Sue Kerr Hicks

Sue Kerr Hicks, (1895-1980)

Sue Kerr Hicks – 1920

Was an American jurist who practiced law and served as a circuit court judge in the state of Tennessee. He is best known for his role as a co-instigator and prosecutor in the 1925 trial of John T. Scopes, a Dayton, Tennessee teacher accused of teaching the Theory of Evolution in violation of Tennessee state law. Hicks may have also been the inspiration for the Shel Silverstein song “A Boy Named Sue,” which was popularized by Johnny Cash in 1969.
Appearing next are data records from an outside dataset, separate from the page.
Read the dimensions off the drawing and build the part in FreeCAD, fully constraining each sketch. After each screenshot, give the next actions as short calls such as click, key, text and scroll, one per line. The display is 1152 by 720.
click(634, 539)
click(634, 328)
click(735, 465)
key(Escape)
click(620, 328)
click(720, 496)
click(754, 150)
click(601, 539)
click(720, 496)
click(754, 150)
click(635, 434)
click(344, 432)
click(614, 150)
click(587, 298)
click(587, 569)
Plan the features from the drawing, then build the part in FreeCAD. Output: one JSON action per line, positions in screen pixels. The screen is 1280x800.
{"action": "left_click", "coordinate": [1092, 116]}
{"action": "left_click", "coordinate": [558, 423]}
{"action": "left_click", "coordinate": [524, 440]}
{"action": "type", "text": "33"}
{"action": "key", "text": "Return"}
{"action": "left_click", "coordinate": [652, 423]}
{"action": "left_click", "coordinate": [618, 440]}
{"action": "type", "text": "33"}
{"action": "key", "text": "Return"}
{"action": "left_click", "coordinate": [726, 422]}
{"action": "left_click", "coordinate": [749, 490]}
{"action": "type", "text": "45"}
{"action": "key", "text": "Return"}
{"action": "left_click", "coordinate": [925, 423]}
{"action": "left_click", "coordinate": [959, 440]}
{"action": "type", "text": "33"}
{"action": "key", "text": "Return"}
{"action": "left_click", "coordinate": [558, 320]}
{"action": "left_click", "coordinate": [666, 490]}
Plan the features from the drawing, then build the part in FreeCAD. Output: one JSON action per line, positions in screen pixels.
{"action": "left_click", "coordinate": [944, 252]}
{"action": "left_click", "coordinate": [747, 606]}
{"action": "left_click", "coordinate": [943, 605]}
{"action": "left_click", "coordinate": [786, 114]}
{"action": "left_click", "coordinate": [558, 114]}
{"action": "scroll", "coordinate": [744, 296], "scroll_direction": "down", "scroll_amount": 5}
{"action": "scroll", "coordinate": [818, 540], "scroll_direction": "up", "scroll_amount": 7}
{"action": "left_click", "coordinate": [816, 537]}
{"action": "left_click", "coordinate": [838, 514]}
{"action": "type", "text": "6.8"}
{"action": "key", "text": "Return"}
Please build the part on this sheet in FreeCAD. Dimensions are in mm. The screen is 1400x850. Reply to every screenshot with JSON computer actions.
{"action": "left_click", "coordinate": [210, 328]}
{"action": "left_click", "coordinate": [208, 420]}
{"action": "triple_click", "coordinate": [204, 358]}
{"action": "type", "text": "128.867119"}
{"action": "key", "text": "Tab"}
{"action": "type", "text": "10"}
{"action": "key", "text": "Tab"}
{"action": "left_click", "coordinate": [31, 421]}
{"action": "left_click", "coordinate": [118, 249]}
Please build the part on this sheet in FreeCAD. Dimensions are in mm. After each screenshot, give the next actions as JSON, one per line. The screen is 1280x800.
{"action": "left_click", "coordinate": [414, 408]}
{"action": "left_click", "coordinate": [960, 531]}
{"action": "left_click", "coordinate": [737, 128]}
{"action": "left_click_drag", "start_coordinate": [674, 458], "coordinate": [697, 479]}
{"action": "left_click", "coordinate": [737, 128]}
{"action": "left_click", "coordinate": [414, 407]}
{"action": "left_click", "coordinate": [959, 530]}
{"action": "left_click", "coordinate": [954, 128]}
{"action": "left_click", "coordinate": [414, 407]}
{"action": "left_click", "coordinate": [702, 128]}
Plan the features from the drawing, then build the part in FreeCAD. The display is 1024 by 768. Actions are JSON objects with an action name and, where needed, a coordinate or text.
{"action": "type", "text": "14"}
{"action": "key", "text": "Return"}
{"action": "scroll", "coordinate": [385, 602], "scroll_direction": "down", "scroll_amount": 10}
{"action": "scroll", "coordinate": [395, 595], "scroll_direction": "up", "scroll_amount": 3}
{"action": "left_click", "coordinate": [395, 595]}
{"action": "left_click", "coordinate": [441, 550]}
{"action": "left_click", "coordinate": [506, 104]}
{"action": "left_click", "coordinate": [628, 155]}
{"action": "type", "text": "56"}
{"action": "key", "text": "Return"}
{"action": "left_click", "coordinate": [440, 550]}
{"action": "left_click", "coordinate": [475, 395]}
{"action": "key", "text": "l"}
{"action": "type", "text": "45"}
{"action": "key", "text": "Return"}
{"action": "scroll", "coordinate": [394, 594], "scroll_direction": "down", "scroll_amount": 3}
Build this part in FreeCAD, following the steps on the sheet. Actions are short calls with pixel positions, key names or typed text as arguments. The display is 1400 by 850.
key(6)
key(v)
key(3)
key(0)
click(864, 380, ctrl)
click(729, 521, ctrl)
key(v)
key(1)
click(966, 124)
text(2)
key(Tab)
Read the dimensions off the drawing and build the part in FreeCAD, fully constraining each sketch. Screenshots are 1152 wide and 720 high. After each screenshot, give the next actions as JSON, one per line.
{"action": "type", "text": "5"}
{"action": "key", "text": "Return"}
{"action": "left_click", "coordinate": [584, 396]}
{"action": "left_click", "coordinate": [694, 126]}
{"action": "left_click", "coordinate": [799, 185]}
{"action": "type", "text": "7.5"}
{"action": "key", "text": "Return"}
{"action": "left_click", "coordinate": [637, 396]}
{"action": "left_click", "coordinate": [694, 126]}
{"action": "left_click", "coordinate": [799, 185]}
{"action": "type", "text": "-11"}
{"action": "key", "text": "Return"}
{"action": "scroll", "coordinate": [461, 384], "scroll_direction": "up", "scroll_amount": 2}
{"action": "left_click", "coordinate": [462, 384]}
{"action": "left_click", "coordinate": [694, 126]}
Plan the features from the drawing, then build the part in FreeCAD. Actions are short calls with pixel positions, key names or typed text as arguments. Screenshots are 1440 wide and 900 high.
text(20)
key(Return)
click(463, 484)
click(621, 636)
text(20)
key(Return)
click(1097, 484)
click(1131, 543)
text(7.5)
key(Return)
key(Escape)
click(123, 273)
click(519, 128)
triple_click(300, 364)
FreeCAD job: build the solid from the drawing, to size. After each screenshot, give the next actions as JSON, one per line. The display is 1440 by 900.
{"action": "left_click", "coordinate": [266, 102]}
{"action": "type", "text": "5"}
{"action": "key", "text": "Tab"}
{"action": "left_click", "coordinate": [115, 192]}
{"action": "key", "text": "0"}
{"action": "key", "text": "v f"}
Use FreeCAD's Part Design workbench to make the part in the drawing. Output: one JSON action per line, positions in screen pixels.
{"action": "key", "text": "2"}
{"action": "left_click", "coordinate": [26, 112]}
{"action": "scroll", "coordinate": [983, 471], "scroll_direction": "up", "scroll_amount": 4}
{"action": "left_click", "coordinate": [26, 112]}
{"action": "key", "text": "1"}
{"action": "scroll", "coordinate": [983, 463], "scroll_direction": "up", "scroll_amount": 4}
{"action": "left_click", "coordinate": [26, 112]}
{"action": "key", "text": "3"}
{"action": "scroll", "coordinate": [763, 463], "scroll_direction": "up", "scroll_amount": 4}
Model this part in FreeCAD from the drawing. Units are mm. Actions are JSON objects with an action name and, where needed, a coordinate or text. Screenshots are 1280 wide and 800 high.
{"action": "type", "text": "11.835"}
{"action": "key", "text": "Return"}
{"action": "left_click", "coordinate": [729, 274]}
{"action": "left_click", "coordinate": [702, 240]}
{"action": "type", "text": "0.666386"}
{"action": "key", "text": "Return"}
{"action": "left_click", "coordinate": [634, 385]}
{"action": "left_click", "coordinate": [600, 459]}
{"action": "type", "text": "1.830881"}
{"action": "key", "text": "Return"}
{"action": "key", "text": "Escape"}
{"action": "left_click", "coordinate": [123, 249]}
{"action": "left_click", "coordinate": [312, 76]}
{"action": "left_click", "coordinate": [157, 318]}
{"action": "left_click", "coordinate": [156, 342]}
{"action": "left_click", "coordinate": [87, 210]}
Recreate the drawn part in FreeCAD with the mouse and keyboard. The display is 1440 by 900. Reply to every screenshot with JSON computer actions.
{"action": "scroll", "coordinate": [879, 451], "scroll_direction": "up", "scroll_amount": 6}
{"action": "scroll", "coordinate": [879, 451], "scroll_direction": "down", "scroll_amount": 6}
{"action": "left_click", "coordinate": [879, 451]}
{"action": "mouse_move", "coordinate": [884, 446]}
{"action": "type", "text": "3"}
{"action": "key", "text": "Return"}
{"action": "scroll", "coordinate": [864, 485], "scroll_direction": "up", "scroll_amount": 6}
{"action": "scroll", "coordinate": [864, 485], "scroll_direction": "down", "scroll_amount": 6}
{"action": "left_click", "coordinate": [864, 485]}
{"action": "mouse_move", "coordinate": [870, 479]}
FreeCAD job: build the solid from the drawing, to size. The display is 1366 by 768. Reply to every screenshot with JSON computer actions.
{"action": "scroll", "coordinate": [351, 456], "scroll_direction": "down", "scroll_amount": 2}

Hicks was brought into the world in Madisonville, Tennessee on December 12, 1895. He was the youngest of Charles Wesley and Susanna Coltharp Hicks. Hicks was named “Sue” after his mom, who passed soon after birth. Charles Wesley Hicks, Sue’s dad, was a noticeable Madisonville legal advisor, and Wesley J. Hicks, Sue’s great-uncle, was the author of a manual on Tennessee Chancery law practice and assumed a vital part in getting claims excused against previous Confederate officials in the Knoxville region after the American Civil War. Hicks prepared at Hiwassee College and the University of Kentucky prior to joining his more seasoned sibling, Herbert, in Dayton, where Herbert had been designated acting Rhea County lawyer. Hicks married Reba Sue Bradley on March 24, 1939, and never had any children.

John Scopes

In Dayton, the Hicks siblings were regulars at the F.E. Robinson Drugstore, where the town’s experts frequently accumulated to mingle and talk about issues of the day. In May 1925, the Hicks siblings and different regulars became engaged with a conversation over an American Civil Liberties Union promotion looking for a test to the Butler Act, a state law recently enacted stopping the teaching of the Theory of Evolution. Understanding the exposure such a case would bring to Rhea County, the gathering — who ultimately would become known as the “drugstore conspirators” — chose to design a case that would test the lawfulness of the Butler Act. The gathering enlisted local physics instructor John T. Scopes — a companion of Sue’s — to confess to teaching the Theory of Evolution. One of the plotters, George Rappleyea, swore out a warrant for Scopes’ capture on May 5th, and charges were documented the next day.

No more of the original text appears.